**Work instruction:**
The full set of records below is to be reproduced without a single alteration.

**Supplied data:**
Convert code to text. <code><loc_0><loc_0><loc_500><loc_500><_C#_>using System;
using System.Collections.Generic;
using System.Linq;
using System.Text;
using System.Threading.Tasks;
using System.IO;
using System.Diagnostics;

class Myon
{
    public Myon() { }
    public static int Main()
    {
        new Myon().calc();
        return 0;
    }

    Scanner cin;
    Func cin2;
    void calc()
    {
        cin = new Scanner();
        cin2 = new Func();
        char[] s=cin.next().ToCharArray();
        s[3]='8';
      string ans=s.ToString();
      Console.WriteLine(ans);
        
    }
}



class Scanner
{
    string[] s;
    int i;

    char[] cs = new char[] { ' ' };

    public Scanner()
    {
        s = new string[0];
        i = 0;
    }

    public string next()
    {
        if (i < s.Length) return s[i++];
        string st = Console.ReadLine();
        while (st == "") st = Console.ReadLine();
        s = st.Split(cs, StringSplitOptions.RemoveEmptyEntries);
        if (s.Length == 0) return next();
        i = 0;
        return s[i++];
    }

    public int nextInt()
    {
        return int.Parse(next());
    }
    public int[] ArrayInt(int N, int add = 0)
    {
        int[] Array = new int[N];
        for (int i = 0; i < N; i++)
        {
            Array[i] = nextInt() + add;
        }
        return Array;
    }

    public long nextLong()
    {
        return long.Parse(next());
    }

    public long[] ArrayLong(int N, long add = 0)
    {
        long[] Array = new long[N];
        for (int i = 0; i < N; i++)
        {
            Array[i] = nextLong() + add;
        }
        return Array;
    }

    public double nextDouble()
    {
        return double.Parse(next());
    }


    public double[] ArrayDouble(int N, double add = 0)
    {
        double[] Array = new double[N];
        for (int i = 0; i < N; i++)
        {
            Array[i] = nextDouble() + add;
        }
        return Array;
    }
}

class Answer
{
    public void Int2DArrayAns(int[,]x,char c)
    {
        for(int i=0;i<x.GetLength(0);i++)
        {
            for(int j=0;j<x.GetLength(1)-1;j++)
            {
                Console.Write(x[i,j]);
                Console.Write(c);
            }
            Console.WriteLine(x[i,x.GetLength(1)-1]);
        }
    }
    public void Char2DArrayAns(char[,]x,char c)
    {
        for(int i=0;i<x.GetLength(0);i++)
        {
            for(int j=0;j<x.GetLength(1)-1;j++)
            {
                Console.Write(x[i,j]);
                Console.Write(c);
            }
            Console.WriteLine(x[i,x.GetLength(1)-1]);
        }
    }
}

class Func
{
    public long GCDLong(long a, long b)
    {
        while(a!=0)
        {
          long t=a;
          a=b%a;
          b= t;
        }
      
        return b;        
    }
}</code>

**Answer for the task:**
Convert code to text. <code><loc_0><loc_0><loc_500><loc_500><_C#_>using System;
using System.Collections.Generic;
using System.Linq;
using System.Text;
using System.Threading.Tasks;
using System.IO;
using System.Diagnostics;

class Myon
{
    public Myon() { }
    public static int Main()
    {
        new Myon().calc();
        return 0;
    }

    Scanner cin;
    Func cin2;
    void calc()
    {
        cin = new Scanner();
        cin2 = new Func();
        char[] s=cin.next().ToCharArray();
        s[3]='8';
      string ans=s.ToString();
      Console.WriteLine(ans);
        
    }
}



class Scanner
{
    string[] s;
    int i;

    char[] cs = new char[] { ' ' };

    public Scanner()
    {
        s = new string[0];
        i = 0;
    }

    public string next()
    {
        if (i < s.Length) return s[i++];
        string st = Console.ReadLine();
        while (st == "") st = Console.ReadLine();
        s = st.Split(cs, StringSplitOptions.RemoveEmptyEntries);
        if (s.Length == 0) return next();
        i = 0;
        return s[i++];
    }

    public int nextInt()
    {
        return int.Parse(next());
    }
    public int[] ArrayInt(int N, int add = 0)
    {
        int[] Array = new int[N];
        for (int i = 0; i < N; i++)
        {
            Array[i] = nextInt() + add;
        }
        return Array;
    }

    public long nextLong()
    {
        return long.Parse(next());
    }

    public long[] ArrayLong(int N, long add = 0)
    {
        long[] Array = new long[N];
        for (int i = 0; i < N; i++)
        {
            Array[i] = nextLong() + add;
        }
        return Array;
    }

    public double nextDouble()
    {
        return double.Parse(next());
    }


    public double[] ArrayDouble(int N, double add = 0)
    {
        double[] Array = new double[N];
        for (int i = 0; i < N; i++)
        {
            Array[i] = nextDouble() + add;
        }
        return Array;
    }
}

class Answer
{
    public void Int2DArrayAns(int[,]x,char c)
    {
        for(int i=0;i<x.GetLength(0);i++)
        {
            for(int j=0;j<x.GetLength(1)-1;j++)
            {
                Console.Write(x[i,j]);
                Console.Write(c);
            }
            Console.WriteLine(x[i,x.GetLength(1)-1]);
        }
    }
    public void Char2DArrayAns(char[,]x,char c)
    {
        for(int i=0;i<x.GetLength(0);i++)
        {
            for(int j=0;j<x.GetLength(1)-1;j++)
            {
                Console.Write(x[i,j]);
                Console.Write(c);
            }
            Console.WriteLine(x[i,x.GetLength(1)-1]);
        }
    }
}

class Func
{
    public long GCDLong(long a, long b)
    {
        while(a!=0)
        {
          long t=a;
          a=b%a;
          b= t;
        }
      
        return b;        
    }
}</code>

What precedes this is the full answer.